I remember very specifically a spring day when I finally had a quiet period one weekend and thought I would try the pool for the first time that season. I remember having on this swimsuit that a friend had given me that was vintage early 70's. The suit was awesome (I like vintage clothing), but I looked ridiculous in it. It didn't fit right and was way too revealing for my age and shape, but I hadn't had a chance to get a suit for the season yet, and figured, what the hell, no one was around anyway. I was trying to acclimate myself to the still chilly water when I looked up to the roof line and saw something bright orange splashed across about a three foot square outside the study window. I immediately figured we had been vandalized, but could not for the life of me figure out why, by whom or with what, so I tore out of the pool and up to the study. I leaned out the window and could see it was chunks of something.
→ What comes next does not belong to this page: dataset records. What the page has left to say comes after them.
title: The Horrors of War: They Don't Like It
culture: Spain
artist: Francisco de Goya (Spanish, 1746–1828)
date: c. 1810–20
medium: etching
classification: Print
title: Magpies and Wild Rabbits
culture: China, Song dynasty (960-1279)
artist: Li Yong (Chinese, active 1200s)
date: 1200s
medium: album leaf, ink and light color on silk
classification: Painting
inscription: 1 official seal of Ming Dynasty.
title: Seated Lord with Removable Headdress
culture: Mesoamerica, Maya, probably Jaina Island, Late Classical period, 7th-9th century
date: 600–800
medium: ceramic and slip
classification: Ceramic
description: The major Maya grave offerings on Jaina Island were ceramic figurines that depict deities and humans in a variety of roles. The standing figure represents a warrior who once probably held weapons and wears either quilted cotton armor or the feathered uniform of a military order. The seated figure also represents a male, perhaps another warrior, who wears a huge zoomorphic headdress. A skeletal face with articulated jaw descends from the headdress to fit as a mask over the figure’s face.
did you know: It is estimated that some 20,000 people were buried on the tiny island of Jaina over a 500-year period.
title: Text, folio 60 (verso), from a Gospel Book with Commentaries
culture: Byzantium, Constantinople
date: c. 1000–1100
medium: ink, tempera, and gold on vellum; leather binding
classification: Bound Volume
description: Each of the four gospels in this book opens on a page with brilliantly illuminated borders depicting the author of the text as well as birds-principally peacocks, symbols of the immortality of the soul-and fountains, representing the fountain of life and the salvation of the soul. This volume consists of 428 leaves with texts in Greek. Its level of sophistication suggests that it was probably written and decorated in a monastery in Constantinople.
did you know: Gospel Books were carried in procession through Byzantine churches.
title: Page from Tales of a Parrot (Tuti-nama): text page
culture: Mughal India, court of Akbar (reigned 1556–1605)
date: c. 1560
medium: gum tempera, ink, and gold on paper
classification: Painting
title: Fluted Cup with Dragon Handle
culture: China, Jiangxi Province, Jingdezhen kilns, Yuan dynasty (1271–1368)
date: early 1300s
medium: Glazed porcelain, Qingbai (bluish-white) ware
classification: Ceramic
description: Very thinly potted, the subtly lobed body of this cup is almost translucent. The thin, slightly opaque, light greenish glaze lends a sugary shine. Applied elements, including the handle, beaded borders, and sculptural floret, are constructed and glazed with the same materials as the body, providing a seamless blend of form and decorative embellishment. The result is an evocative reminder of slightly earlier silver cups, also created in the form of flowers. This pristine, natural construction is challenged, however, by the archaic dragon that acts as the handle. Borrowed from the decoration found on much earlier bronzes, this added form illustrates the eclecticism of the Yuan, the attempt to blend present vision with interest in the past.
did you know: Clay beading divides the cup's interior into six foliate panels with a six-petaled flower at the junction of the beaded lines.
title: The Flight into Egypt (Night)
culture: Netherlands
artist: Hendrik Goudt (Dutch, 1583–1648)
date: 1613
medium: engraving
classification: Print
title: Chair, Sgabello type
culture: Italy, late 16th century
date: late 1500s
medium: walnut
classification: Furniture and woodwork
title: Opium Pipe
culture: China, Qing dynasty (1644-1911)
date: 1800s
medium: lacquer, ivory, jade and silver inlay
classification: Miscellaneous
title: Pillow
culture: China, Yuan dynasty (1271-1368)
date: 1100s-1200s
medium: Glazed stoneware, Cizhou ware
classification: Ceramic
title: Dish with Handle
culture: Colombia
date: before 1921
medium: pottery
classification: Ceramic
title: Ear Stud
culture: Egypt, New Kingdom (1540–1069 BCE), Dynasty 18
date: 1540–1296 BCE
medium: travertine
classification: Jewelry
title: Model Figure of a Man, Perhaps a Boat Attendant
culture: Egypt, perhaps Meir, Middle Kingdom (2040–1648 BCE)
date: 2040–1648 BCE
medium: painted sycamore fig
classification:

I climbed out the window onto the roof and got right up next to it. That's when I saw that it was vomit, and lots of it. And I knew how it had gotten there. Kelsey had been climbing out onto the roof to sneak cigarettes for a while, so now she was using to roof to purge. I sat down on my roof where I was probably visible to just about anyone in the neighborhood, in that skimpy old bathing suit and cried. Greg came home and found me there. He washed it off and yelled at Kelsey when she got home from wherever she was for upsetting me. That's how bad we were early on. Upsetting me?! Who the heck really cares about stuff like that? We both honestly were ignorant enough to think that this an activity that she could turn on and off at will at that point. And, after that, we thought she did turn it off. We saw no further evidence of it for a long time. Those events were pivotal. We achieved two things that day, in my opinion: we caused her to commit to it more deeply than ever before and forced her to take it underground. And whether it truly was the biggest issue before, it was for evermore. As long as she purged, no medication was going to be in her system consistently enough to work, no physical or psychological normacly could be achieved when her body was in constant trauma and flux like that, and the drag it put on her body would impact every other aspect of her life from that point forward. I think that day, maybe more than any other, set some things in motion that we could never quite undo. But we didn't see that or know that for a long time.